Anyway, here goes what i've been trying to start so long ago. The animes~, so let's start with the anime i've always found to be very motivating and meaningful. The ever so longwinded and not-so-boring anime, Naruto.
Narutardoz is about a stupid kid who has a stupid demon inside his stomach that supposedly gives him power, i just wonder why the demon doesn't just eat him up since he's so darn powerful. Anyway, not the main point. The main point is that this kid started off as a stupid, lousy kid who's weak in ninjitsu or what i'd call "Bullshitsu" since it'd never really exist in this world, but due to his ever-determining attitude of "NEVER GIVE UP", like every single anime would definetely have someone with that kind of thinking, he always manages to tyco tyco pull through every single scenario. And sad to say, in real life, it's not really all that practical, cause for some reason, naruto can get punched right at the stomach and fly 1km away, hitting rocks on it's rampaging path, and crash into some cliff at the end path, showing a super long stretch of destruction, but still survive with just spitting some blood and whatsoever, while we'd just die on the spot with our bones, vessels and body parts splattered all over the place. And even better, naruto will just appear out of nowhere and say "I'll Beat anyone who gets in my way, that's my way of the ninja" and eventually beat the crap out of the guy. Now what am i emphasizing? Actually, it's about what the anime's pushing at. Though as exxagerating as it can get, it's one of the simplest way to get a person to actually stive for success, rather than give up easily. Talk about naruto who went through loads of shit training and finally became some god. Talk about sasuke who had a brother who wiped out his entire family and got so greedy over power he turned to the "easy" way out via evil, which the anime's obviously discouraging. Basically every character has their story, it emphasizes alot on humanitic morals (That's a cool phrase i came up with), and obviously hopes people who watches it will learn to be like them, IN TERMS OF THEIR MORALS, NOT THEIR NINJITSU AND KAGE BUNSHIN NO JUTSU shit -_-. While reality is, reality, and is not so fictional like naruto, the morals and determination can be brought into real human life that encourages humankind that some things can actually be done as long as you persist and presevere, just not to the extent of death.

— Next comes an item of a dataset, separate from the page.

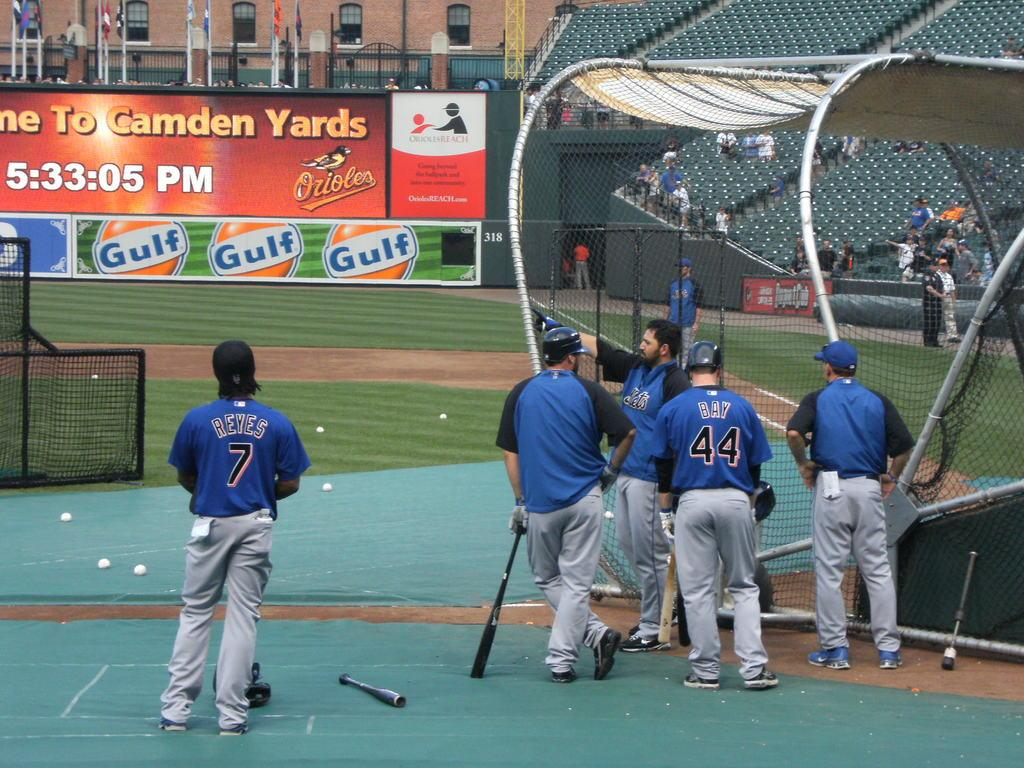Provide a one-sentence caption for the provided image. A baseball field has a banner that contains a logo for "Gulf.".

While my anime talk is over, let me tell you that i realized that i am actually a super anti-parents person. Well, i hate parents, not much of my own, but i hate others more. Especially guys' parents. Cause they're wusses. Singapore's too peaceful. Someone needs to kick some sense into parents that we're talking about defending singapore here, don't expect zero deaths in a war. Might as well just surrender while you're at it. Dickheads. Grow up, this is reality! Die then die lar. WTF not say purposely go commit suicide right zZzZz.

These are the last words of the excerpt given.